Parliamentary Career

October 25, 1993 - April 27, 1997
BQ
  Kamouraska--Rivière-du-Loup (Quebec)
June 2, 1997 - October 22, 2000
BQ
  Kamouraska--Rivière-du-Loup--Témiscouata--Les Basques (Quebec)
November 27, 2000 - May 23, 2004
BQ
  Kamouraska--Rivière-du-Loup--Témiscouata--Les Basques (Quebec)
June 28, 2004 - November 29, 2005
BQ
  Rivière-du-Loup--Montmagny (Quebec)
January 23, 2006 - September 7, 2008
BQ
  Montmagny--L'Islet--Kamouraska--Rivière-du-Loup (Quebec)
October 14, 2008 - May 21, 2009
BQ
  Montmagny--L'Islet--Kamouraska--Rivière-du-Loup (Quebec)

Most Recent Speeches (Page 1 of 516)


May 12, 2009

Mr. Paul Crête

Madam Speaker, my colleague has a very valid and serious point. However, we must also acknowledge that some decisions made by RCMP management in Quebec had a negative impact, such as the closing of the Rivière-du-Loup detachment.

As you know, Rivière-du-Loup is a transportation hub for all types of goods between Quebec and New Brunswick and into eastern Quebec. Unfortunately, that also includes the transport of illicit goods. When there was an RCMP detachment in Rivière-du-Loup, there was more control over the situation. The region of Témiscouata is also on the border. This entire area was abandoned and we are still paying the price on a regular basis.

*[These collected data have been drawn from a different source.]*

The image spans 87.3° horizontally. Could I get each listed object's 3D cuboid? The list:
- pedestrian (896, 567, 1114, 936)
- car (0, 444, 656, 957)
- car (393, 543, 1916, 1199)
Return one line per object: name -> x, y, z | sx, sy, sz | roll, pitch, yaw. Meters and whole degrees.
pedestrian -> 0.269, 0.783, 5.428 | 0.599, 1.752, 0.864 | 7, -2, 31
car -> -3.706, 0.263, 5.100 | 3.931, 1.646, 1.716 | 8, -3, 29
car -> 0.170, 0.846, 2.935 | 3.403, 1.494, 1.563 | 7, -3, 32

The bill seeks to improve the working conditions of RCMP members, police officers, and others with a career in the RCMP and to provide the tools to attract people to a career in the RCMP. Therefore, we should support the bill.

Topic:   Government Orders
Subtopic:   Royal Canadian Mounted Police Superannuation Act
Full View Permalink

May 12, 2009

Mr. Paul Crête (Montmagny—L'Islet—Kamouraska—Rivière-du-Loup, BQ)

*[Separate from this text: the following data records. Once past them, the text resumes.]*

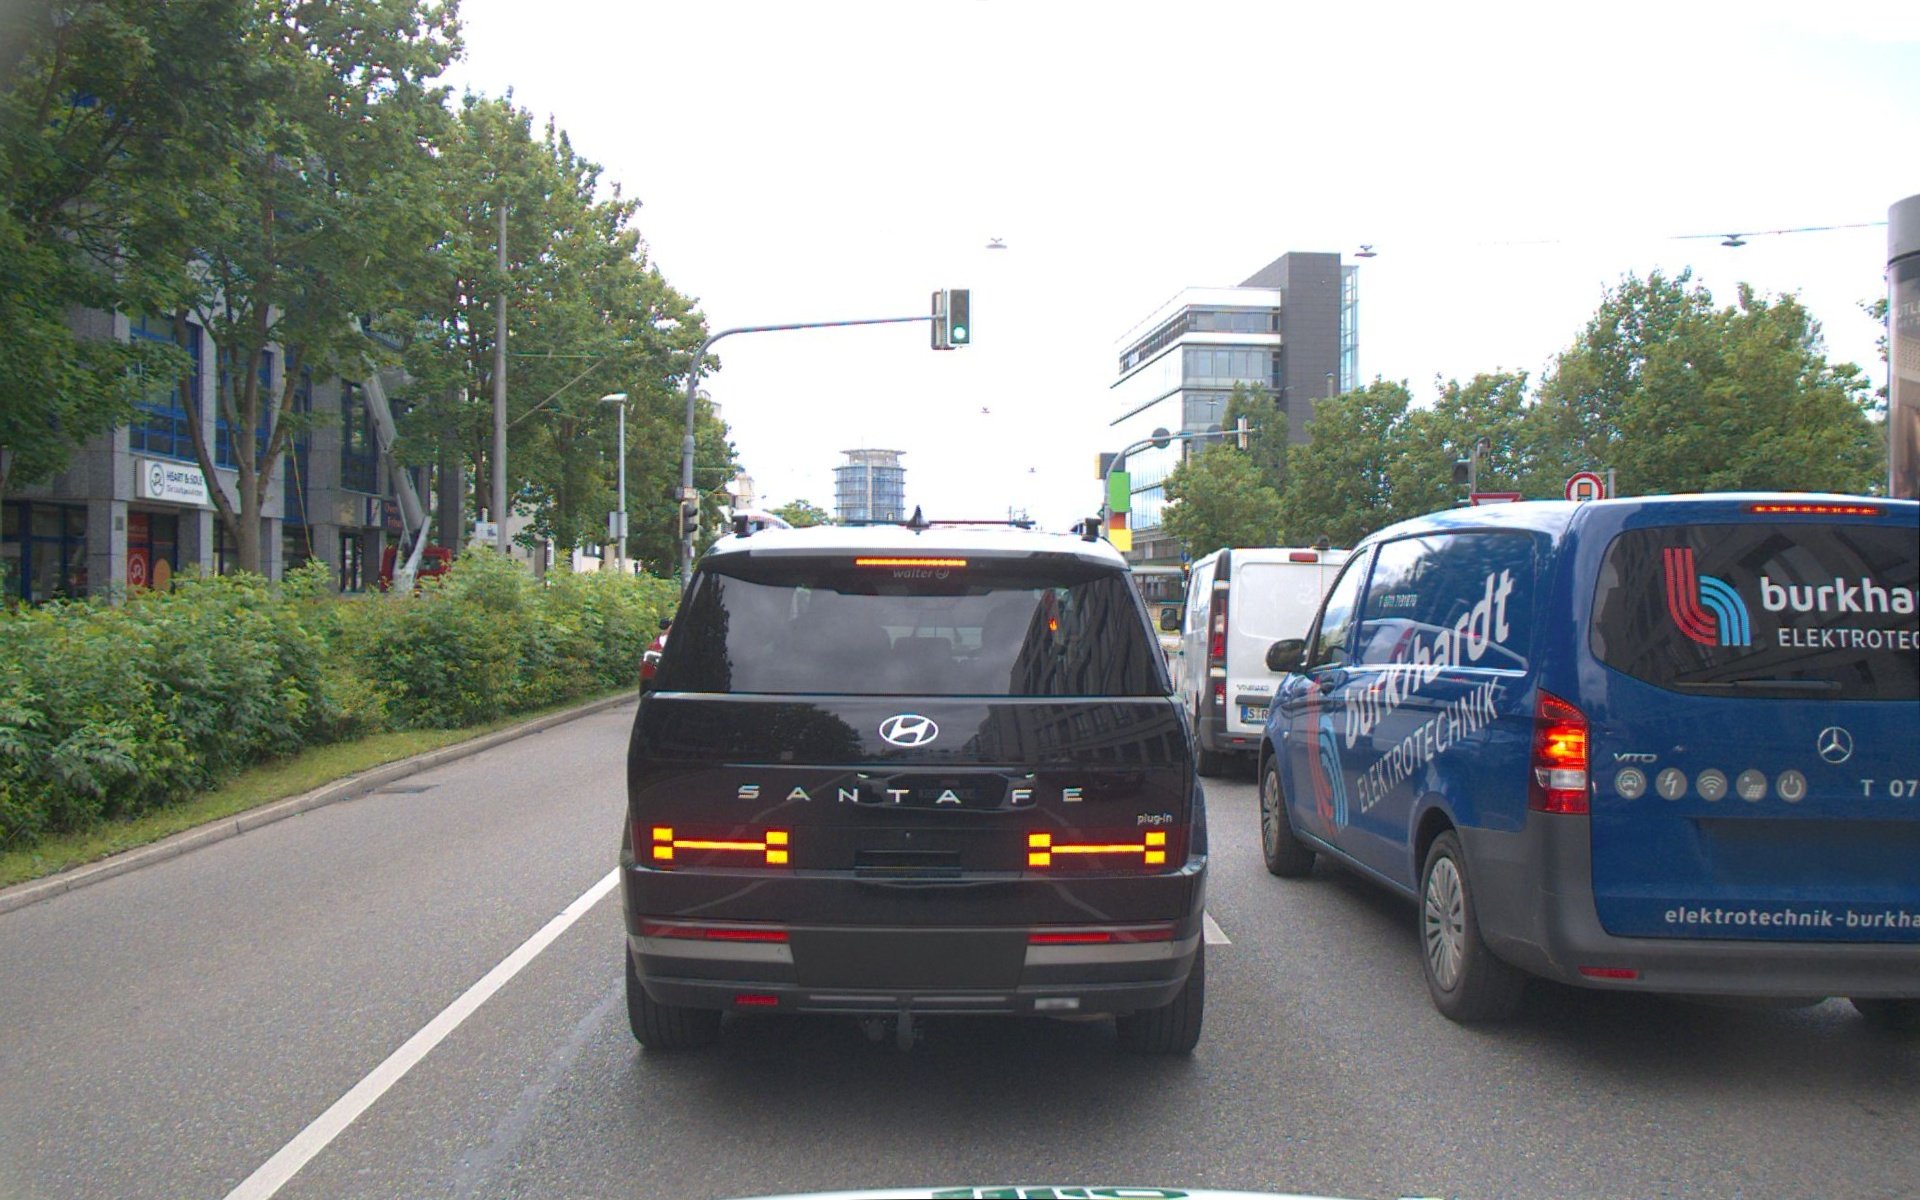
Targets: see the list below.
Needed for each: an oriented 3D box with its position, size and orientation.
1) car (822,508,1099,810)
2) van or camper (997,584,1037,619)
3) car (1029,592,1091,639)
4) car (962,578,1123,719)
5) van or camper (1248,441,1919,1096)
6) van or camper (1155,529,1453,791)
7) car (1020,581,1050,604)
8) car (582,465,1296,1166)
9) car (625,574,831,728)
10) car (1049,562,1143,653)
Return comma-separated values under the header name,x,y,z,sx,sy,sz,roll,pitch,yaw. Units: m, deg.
name,x,y,z,sx,sy,sz,roll,pitch,yaw
car,-0.024,0.392,13.148,1.876,2.038,3.879,0,0,-1
van or camper,4.381,0.109,126.949,1.951,2.591,6.583,0,0,12
car,3.644,0.572,60.699,1.953,1.646,3.999,1,0,-1
car,1.244,0.626,23.037,1.738,1.747,4.342,1,0,9
van or camper,2.676,0.491,7.446,1.822,1.944,5.031,0,0,-1
van or camper,2.994,0.463,15.427,1.952,2.049,4.654,1,0,2
car,5.949,-0.594,131.572,1.954,1.713,3.997,1,0,-3
car,-0.075,0.542,6.187,1.831,1.791,3.879,0,0,-1
car,-2.686,0.567,20.076,1.809,1.608,4.116,-2,0,1
car,3.224,0.187,39.984,1.952,2.049,4.000,1,0,0

Madam Speaker, when I was asked to speak about this bill, my first reaction was to recall that the RCMP closed the Rivière-du-Loup detachment a few years ago. The people in my region were not very pleased with that, because it left a large territory open to organized crime. Today we are feeling the effects of this.

As I thought about this, however, I realized that there was a difference between the RCMP and the RCMP officers themselves. When the detachment in Rivière-du-Loup was closed, I talked to the police officers, and they made it very clear to me that this was not their decision and they thought that the detachment should remain open because they knew what was going on on the ground.

It was with this in mind that I agreed to take the floor today on Bill C-18, An Act to amend the Royal Canadian Mounted Police Superannuation Act, to validate certain calculations and to amend other Acts.

This bill would amend the Royal Canadian Mounted Police Superannuation Act to add the provisions necessary for the implementation of amendments made to that Act by the Public Sector Pension Investment Board Act that relate to elective service and pension transfer agreements. The creation of the Pension Investment Board has in fact introduced different procedures. The Board administers many different pension funds, and corrections had to be made to the RCMP officers’ fund.

In addition, the bill would bring into force certain provisions enacted by the Public Sector Pension Investment Board Act. Finally, it would validate certain calculations.

Let us look at this bill in greater detail. It was introduced on March 9, 2009 by the Minister of Public Safety, and was studied in the course of various proceedings: here at second reading, then in committee. The Bloc Québécois gave its support at second reading. Then it proposed some amendments which, for the most part, have unfortunately not been adopted. That does not mean that we have to vote against this bill, even if we do intend to point out that these improvements would have been desirable.

The principal amendments confer the authorities necessary to expand the prior service provisions and to establish pension transfer agreements.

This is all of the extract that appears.